The freedom of speech clause of the First Amendment only says this: “Congress shall make no law…abridging the freedom of speech.” That’s it. Every Supreme Court case regarding freedom of speech in the last 200 years has relied on that one sentence to decide what the founders intended. Which, unsurprisingly, can lead to some pretty heated debates about what exactly they meant, while allowing a partisan court to make decisions based on political preferences instead of legal precedents.
Two recent court cases have relied on this ambiguity to undo years of legislation designed to curb corruption in elections. The first case is Citizens United v. Federal Election Commission. In January 2010, the Supreme Court struck down provisions of the 2002 Bipartisan Campaign Reform Act by a 5-4 decision, which prohibited corporations and unions from spending on “electioneering communications.”
Then, on March 26, 2010, the U.S. Court of Appeals for the District of Columbia Circuit made a ruling in SpeechNow.org v. Federal Election Commission. Relying on the precedent set by Citizens United, the court ruled that the Federal Election Commission could not limit contributions by individuals, corporations or unions to groups that made only independent expenditures. This led to the creation of super PACs, political action committees that can spend all their time and money attacking one candidate and supporting another. These super PACs’ expenditures are still considered independent, as long as they do not coordinate with a candidate regarding how the funding is used. In effect, it ended any regulation of campaign financing. How has this affected the 2012 presidential campaign, the first one since the court decision?
Simply put, it has allowed a tiny fraction of the population to exert a disproportionately large amount of influence over these elections. How disproportionate? Consider that 196 Americans, or 0.000063 percent of the population, have given 80 percent of the nearly $500 million spent by super PACs in this year’s campaign. That amount of money is over twice the amount spent by the parties themselves.

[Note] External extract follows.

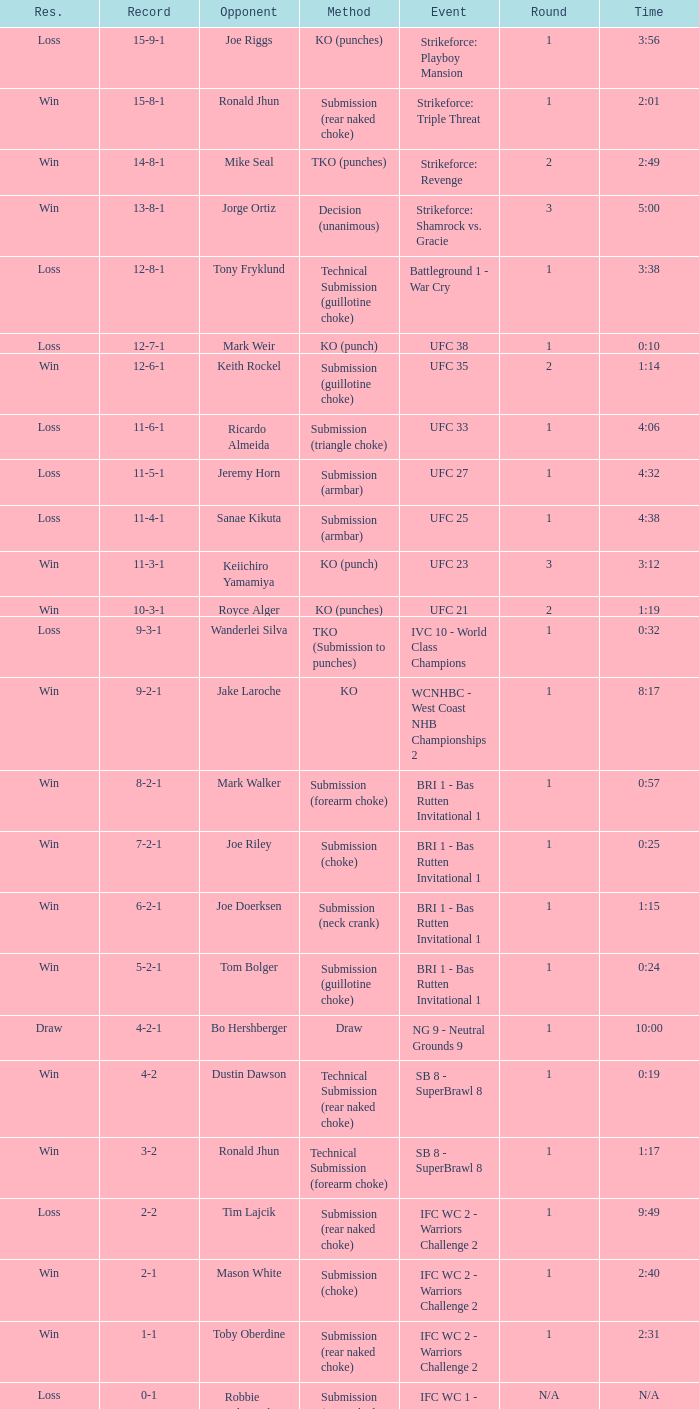What was the record when the method of resolution was KO? 9-2-1.

A counter to this argument would be that spending money on a campaign does not necessarily result in support from a candidate. But this narrow-minded view overlooks the possibility of interactions other than quid pro quo exchanges; donations buy access to candidates. This cannot be denied, and when such a small sliver of people has the money and desire to buy such access, it results in a sort of ideological funnel. In order to get the money necessary to be a mainstream candidate, one must first conform to the policy positions of the 0.000063 percent of Americans who can provide such funding. This leaves third-party candidates like Gary Johnson and Jill Stein out in the cold.
So much of this campaign has been spent discussing policies the candidates disagree about that it is easy to overlook all the issues they do agree on: continuing the war on drugs, increased defense spending and the idea that a U.S. president can murder U.S. citizens without trial, to name a few. The rulings in these cases have allowed tiny groups of people to choose whom to present to the American public as viable candidates for president, leaving many candidates without enough funding to compete. The ads run by these groups and the candidates themselves emphasize the differences between them while obscuring their numerous similarities, deceiving Americans with the illusion of a choice. Overturning these two decisions and passing legislation for campaign finance reform would help ensure that our president is chosen by all Americans who choose to vote — not just those with a sizable bank account.